Part of OLED’s appeal is its almost supernatural skinniness, with which QLED simply can’t compete. That’s because QLED technology requires LED backlighting behind its LCD pixels, which adds to the depth of the chassis. And where an almost-but-not-quite flagship TV like this one is concerned, ‘full array local dimming’ (or ‘FALD’) is the most effective way to light those pixels, so the QE55Q90T’s frame ends up looking appreciably deeper than the competing OLED designs.
(Full array local dimming means there are LEDs behind the whole screen, rather than just around the edge. Here they’re divided into slightly over 100 zones, each of which is controllable on an individual basis. So – in theory at least – screen uniformity, contrast control and bright/dark detail levels should all benefit.)
Look beyond its actually-not-that-bad 35mm depth, though, and the QE55Q90T is a discreet, well engineered and actually quite handsome TV. The dark metal bezel surrounding the screen is brief, nicely contoured and tactile. Its stand is agreeably shaped, provides more than enough room for a soundbar to be accommodated comfortably, feels gratifyingly hefty – and, importantly, doesn’t insist on a very wide surface to stand the TV on.
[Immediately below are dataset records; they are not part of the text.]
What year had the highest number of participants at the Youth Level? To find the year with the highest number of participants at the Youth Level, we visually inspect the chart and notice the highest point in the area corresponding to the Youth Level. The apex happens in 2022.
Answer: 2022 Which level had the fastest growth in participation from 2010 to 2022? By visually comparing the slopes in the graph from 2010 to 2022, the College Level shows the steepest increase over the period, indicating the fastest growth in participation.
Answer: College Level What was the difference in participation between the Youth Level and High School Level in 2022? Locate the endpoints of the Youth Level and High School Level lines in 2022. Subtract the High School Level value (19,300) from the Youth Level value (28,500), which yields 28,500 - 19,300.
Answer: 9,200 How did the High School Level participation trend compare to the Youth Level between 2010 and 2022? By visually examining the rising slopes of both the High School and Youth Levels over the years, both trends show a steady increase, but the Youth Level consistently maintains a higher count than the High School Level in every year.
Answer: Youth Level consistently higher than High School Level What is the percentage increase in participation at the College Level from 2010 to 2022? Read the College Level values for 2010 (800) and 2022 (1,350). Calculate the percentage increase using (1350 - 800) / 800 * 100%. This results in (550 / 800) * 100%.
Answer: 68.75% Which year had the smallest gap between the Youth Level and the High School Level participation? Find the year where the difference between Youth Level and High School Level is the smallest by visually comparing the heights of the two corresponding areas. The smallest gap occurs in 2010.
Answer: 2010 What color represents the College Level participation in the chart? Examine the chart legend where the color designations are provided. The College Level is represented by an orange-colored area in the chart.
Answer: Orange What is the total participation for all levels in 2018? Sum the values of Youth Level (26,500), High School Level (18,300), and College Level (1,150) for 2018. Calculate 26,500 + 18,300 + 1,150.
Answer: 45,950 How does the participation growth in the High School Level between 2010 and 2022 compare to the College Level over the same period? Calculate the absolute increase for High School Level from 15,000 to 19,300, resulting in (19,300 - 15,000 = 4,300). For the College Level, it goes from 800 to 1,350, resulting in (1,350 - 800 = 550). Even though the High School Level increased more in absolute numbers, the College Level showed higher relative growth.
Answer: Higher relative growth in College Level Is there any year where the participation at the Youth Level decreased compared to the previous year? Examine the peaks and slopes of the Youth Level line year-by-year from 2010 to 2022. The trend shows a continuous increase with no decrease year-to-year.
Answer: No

Wall-mounting is also straightforward enough, though at a touch over 20kg the QE55Q90T won’t thank you for being hung on a plasterboard partition wall. Neither will the partition wall.
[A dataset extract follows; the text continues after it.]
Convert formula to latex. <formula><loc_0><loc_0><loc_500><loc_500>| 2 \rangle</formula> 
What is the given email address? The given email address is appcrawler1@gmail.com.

As much as a TV ever can, then – given that it needs to be almost all screen and nothing else – the Q90T looks and feels like a premium item. One might almost say ‘flagship’.
First and foremost, this is a 4K UHD TV with a native resolution of 3840 x 2160. To help deliver the most convincing images possible, it’s compatible with HLG, HDR10 and HDR10+ dynamic metadata HDR standards. For reasons too political and too tedious to get into here, Samsung TVs don’t incorporate Dolby Vision dynamic metadata HDR.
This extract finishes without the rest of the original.